■ Work to be completed ■
Start the copy at the line containing "Please identify and" and run it through the last line of the records. Repeat each line exactly; omit pictures.

■ Data for this task ■
____________
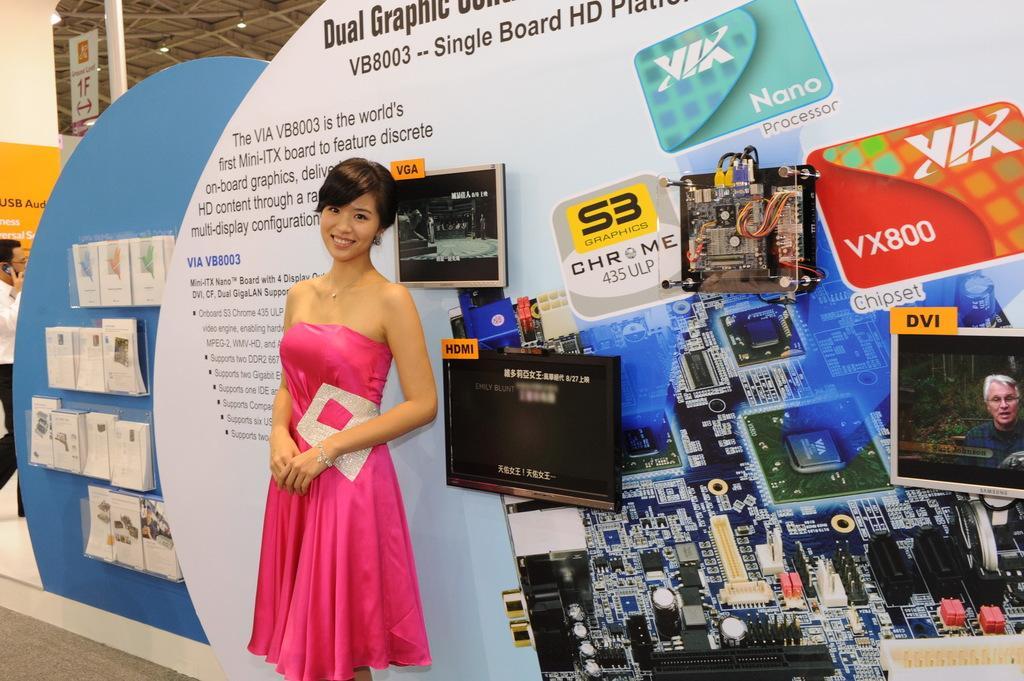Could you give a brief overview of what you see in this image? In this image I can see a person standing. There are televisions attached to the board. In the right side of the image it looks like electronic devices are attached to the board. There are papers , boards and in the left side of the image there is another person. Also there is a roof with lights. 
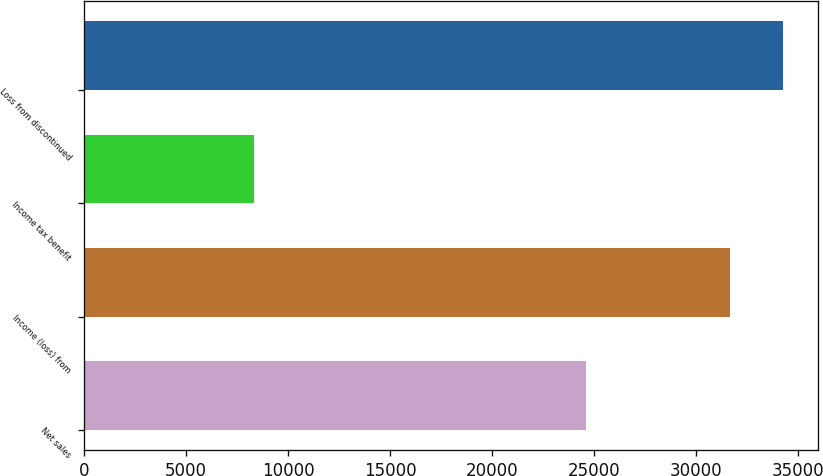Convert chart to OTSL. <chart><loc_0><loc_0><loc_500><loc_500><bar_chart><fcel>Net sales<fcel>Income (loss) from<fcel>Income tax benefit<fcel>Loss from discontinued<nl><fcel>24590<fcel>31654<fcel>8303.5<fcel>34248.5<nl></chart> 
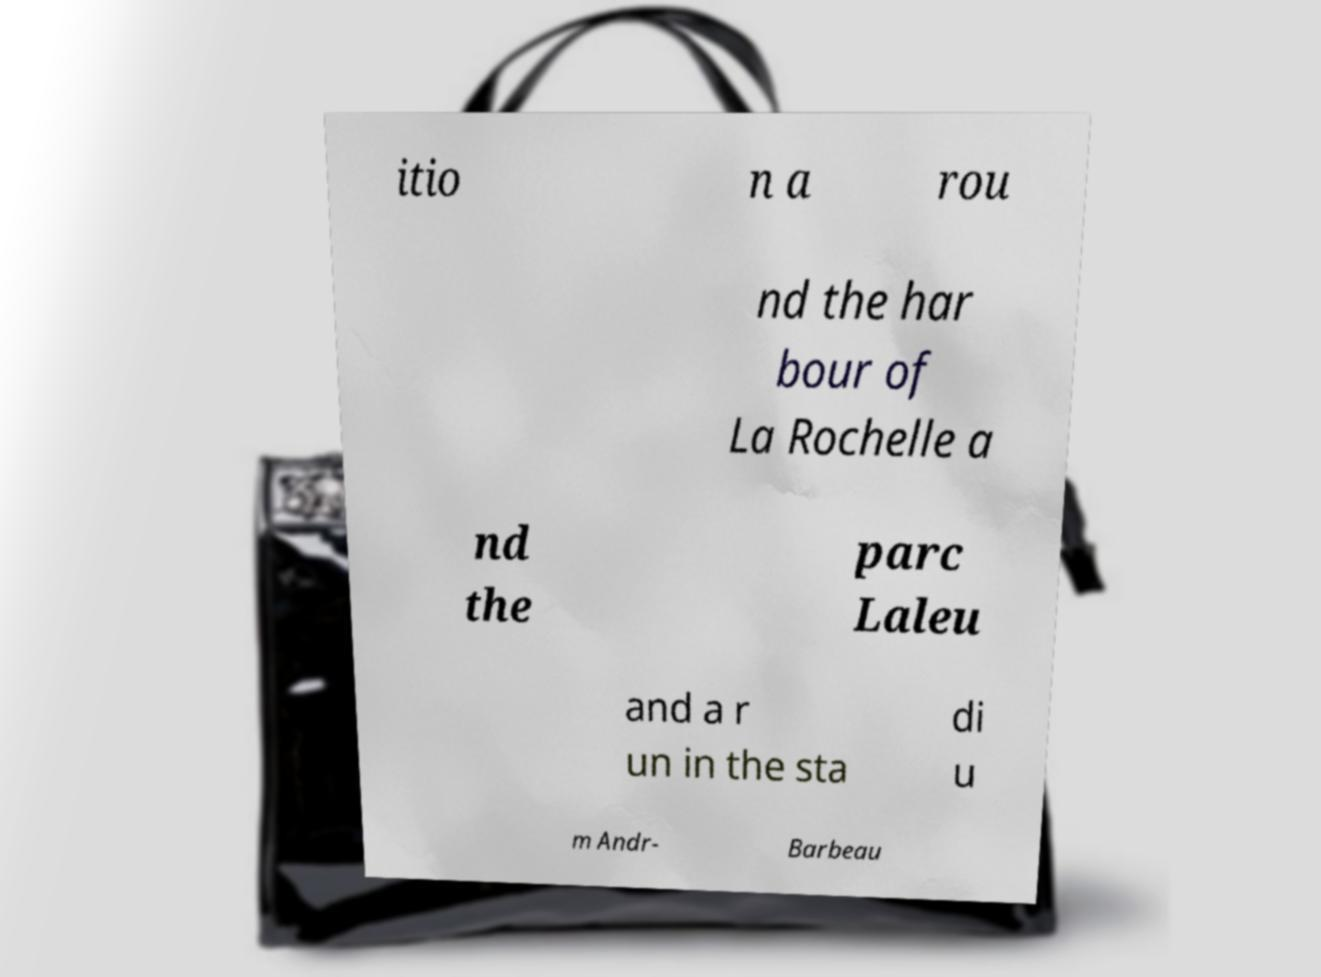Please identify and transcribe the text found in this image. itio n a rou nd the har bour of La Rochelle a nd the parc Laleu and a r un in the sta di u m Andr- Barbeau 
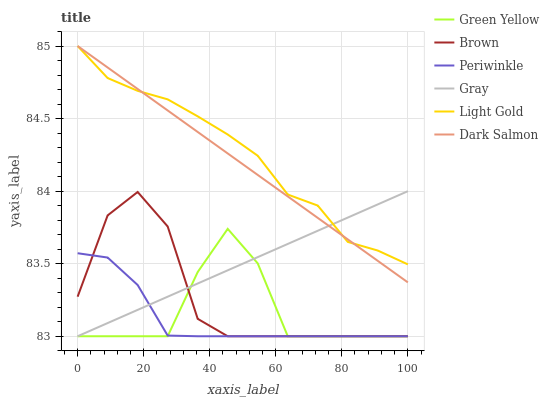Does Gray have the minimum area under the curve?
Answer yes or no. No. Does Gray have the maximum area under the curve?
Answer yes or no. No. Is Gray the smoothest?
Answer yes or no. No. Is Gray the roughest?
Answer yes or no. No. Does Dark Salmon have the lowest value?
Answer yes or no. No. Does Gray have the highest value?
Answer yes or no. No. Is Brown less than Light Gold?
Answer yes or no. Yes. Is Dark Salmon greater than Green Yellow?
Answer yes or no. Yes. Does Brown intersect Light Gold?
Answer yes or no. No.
____________
■ Output of the task ■
Please identify and transcribe the text found in this image. itio n a rou nd the har bour of La Rochelle a nd the parc Laleu and a r un in the sta di u m Andr- Barbeau 
Does Gray have the minimum area under the curve?
Answer yes or no. No. Does Gray have the maximum area under the curve?
Answer yes or no. No. Is Gray the smoothest?
Answer yes or no. No. Is Gray the roughest?
Answer yes or no. No. Does Dark Salmon have the lowest value?
Answer yes or no. No. Does Gray have the highest value?
Answer yes or no. No. Is Brown less than Light Gold?
Answer yes or no. Yes. Is Dark Salmon greater than Green Yellow?
Answer yes or no. Yes. Does Brown intersect Light Gold?
Answer yes or no. No.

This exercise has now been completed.